The Red Sea crisis sent ocean freight rates from the Far East to the US spiralling by more than 150%, but there appears to be some relief on the horizon for shippers, says an article published on container news website.
Summary
- The Red Sea crisis has caused a significant spike in ocean freight rates from the Far East to the US, with rates increasing by over 150%. However, recent data suggests that the peak may have been reached.
- Xeneta’s latest data indicates a slight decline in spot rates from the Far East to the US since the implementation of General Rate Increases (GRIs) in early February.
- Early indications from Xeneta suggest a further softening of the market in the next 10 days, offering potential relief to importers. Despite this, spot rates remain significantly elevated.
- The TPM24 industry summit in Long Beach, California, scheduled for early March, will kick off negotiations between ocean freight carriers and US shippers for new contracts.
Current Situation
The Red Sea crisis has caused a significant spike in ocean freight rates from the Far East to the US, with rates increasing by over 150%. However, recent data suggests that the peak may have been reached, offering some relief to shippers.
Rate Decline Indicators
Xeneta’s latest data indicates a slight decline in spot rates from the Far East to the US since the implementation of General Rate Increases (GRIs) in early February. Rates into the US East Coast have fallen from USD$6260 per FEU to US$6100, while rates on the West Coast have decreased from US$4730 per FEU to US$4680 in the same period.

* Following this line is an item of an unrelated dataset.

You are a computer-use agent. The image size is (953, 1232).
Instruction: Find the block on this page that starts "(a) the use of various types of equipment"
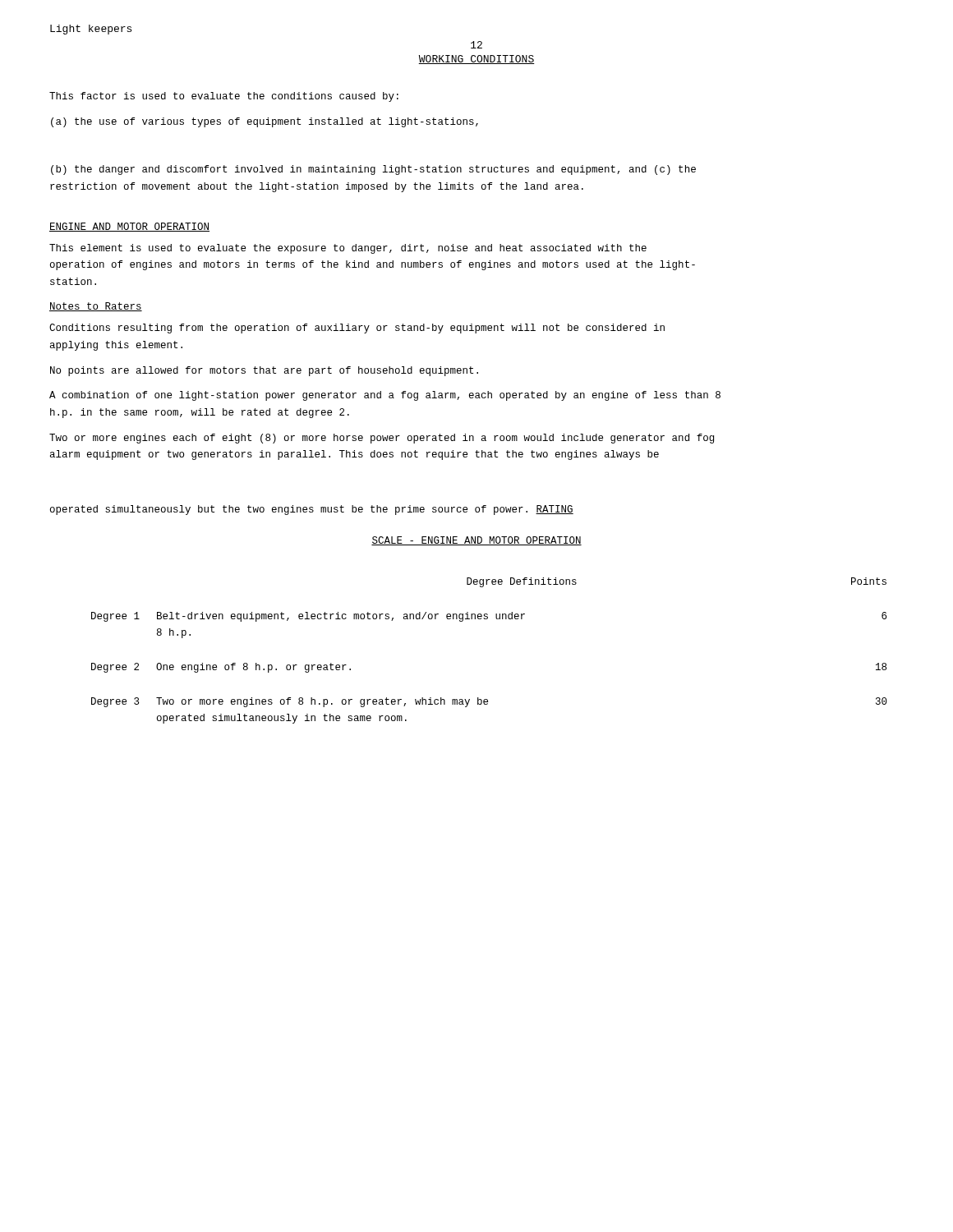click(265, 122)

Market Softening Predictions
Early indications from Xeneta suggest a further softening of the market in the next 10 days, offering potential relief to importers. Despite this, spot rates remain significantly elevated, with rates into the US East Coast up by 145% compared to December 14th and rates into the US West Coast up by 185%.
Upcoming Negotiations
The TPM24 industry summit in Long Beach, California, scheduled for early March, will kick off negotiations between ocean freight carriers and US shippers for new contracts. The next few weeks are crucial for the market, with carriers aiming to maintain elevated rates for negotiations.
Challenges And Opportunities
While carriers may seek to keep rates high, Xeneta data suggests this may prove difficult, with further rate decreases anticipated. The ending of Lunar New Year celebrations could lead to increased volumes from the Far East, potentially impacting rates. The upcoming weeks will define the fortunes of ocean freight carriers and shippers for the remainder of 2024.